In June 2007 Tesolin appeared on a CityTV News special feature on Canada's new Four Seasons Centre. On December 16, 2007, Tesolin sang with The Canadian Tenors at their Christmas Concert at the Oakville Centre for the Performing Arts. On March 30, 2008, Tesolin appeared on the TLN Telelatino National TV Show Viva Domenica singing "Un bel di" from Puccini's opera Madama Butterfly. In March 2009, Tesolin appeared on stage as the shepherd boy in Opera York's production of Tosca. On September 1, 2010, Tesolin released her first single as a singer-songwriter, a contemporary crooner song called "Now That I Know". On February 1, 2011, Tesolin's pop-classical single love song "Dolce" was released.

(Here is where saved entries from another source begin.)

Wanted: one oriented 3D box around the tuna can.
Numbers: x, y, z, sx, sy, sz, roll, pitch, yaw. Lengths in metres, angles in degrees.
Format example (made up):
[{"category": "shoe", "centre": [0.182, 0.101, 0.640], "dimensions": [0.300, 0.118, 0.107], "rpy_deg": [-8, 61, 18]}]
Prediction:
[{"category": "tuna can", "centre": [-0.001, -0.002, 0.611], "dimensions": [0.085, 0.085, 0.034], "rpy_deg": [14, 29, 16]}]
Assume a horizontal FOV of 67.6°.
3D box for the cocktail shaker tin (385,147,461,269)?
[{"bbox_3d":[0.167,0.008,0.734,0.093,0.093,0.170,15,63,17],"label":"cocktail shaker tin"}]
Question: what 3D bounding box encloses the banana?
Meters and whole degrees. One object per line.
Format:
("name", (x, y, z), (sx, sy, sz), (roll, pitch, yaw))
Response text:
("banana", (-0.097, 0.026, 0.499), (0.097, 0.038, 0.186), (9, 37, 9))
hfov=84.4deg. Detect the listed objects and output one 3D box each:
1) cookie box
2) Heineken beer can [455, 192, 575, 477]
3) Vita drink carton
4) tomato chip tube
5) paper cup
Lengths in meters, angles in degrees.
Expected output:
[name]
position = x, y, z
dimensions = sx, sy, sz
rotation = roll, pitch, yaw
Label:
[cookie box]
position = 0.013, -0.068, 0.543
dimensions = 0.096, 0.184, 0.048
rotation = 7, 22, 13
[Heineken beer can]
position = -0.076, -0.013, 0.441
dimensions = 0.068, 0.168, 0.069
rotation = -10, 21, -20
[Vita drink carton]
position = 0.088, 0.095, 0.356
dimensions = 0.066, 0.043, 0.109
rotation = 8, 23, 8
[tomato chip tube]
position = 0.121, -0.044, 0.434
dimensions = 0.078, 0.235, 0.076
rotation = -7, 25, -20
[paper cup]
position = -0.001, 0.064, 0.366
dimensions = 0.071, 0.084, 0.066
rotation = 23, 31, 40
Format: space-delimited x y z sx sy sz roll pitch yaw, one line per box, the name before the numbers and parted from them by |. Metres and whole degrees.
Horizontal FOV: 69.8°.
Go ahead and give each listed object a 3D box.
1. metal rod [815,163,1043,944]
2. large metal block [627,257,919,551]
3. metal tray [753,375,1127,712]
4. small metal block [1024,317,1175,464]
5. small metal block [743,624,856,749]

On November 6, 2011, Tesolin's self-titled 3-track EP featuring "Dolce", "The Key", and "Now That I Know" was released. On April 9, 2013, the album Ascension was released featuring original music in a pop classical, contemporary pop and electronic music fusion style.

==Radio==
"Dolce" was released to international radio and in March 2012 appeared on the Official European Indie Chart, playing on 700 radio stations across Europe. "The Key" was released to US radio in April 2013 and on June 19, 2013, with no previous chart history, became the highest debuting single on both Top 40 and AC charts published by New Music Weekly. By September 8, 2013 "The Key" had reached #5 on the Hot 100 Singles Chart with 1595 spins per week on US commercial radio, #8 on the AC Chart and #9 on the Top 40 chart, #1 on the Top 30 Indie Chart for Top 40, #2 on the Top 30 Indie Chart for AC.

==Discography==

| Title | Release date |
|---|---|
| Baby Soprano | May 2006 TRACK LIST 1. Libiamo duet - Libiamo ne' lieti calici (La Traviata, Verdi) 2. Habanera (Carmen by Bizet) 3. La Donna e Mobile (Rigoletto by Verdi) 4. Barcarolle/Belle Nuit (Tales of Hoffmann, Offenbach) 5 Ebbene Ne'Andro Lontana (La Wally, Catalani) 6. O Mio Babbino Caro (Gianni Schicchi, Puccini) 7. Largo al factotum (Barbiere di Seville, Rossini) 8. Vissi D'Arte (Tosca, Puccini) 9. Vedrai Carino (Don Giovanni, Mozart) 10. Quando M'En Vo (La Bohème, Puccini) 11. Nessun Dorma (Turandot, Puccini) 12. Una Furtiva Lagrima (Elisir D'Amore, Donizetti) 13. Un Bel Di Vedremo (Madama Butterfly, Puccini) 14. Mattinata (Ruggiero Leoncavallo) |
| Aria Tesolin - EP | November 2011 TRACK LIST 1. Dolce 2. The Key 3. Now That I Know Tracks 1 & 2 Produced by Douglas Romanow Track 3 Produced by Charles DiRaimondo Copyright by Aria Tesolin 2011 |
| Ascension | April 2013 TRACK LIST 1. My Heart is a Factory 2. The Catch (Clarabella) 3. Ascension 4. Hear Me 5. The Key 6. Nobody Knows 7. I'm Already Gone 8. Dolce 9. The Apology 10. In a Dream Produced by Douglas Romanow Copyright Aria Tesolin 2013, Lucid Records |

==Awards==
On January 27, 2014, Tesolin was nominated for three 2014 New Music Awards by New Music Weekly, Best New Top 40 Artist of the Year, Top 40 Breakthrough Artist of the Year, AC Breakthrough Artist of the Year.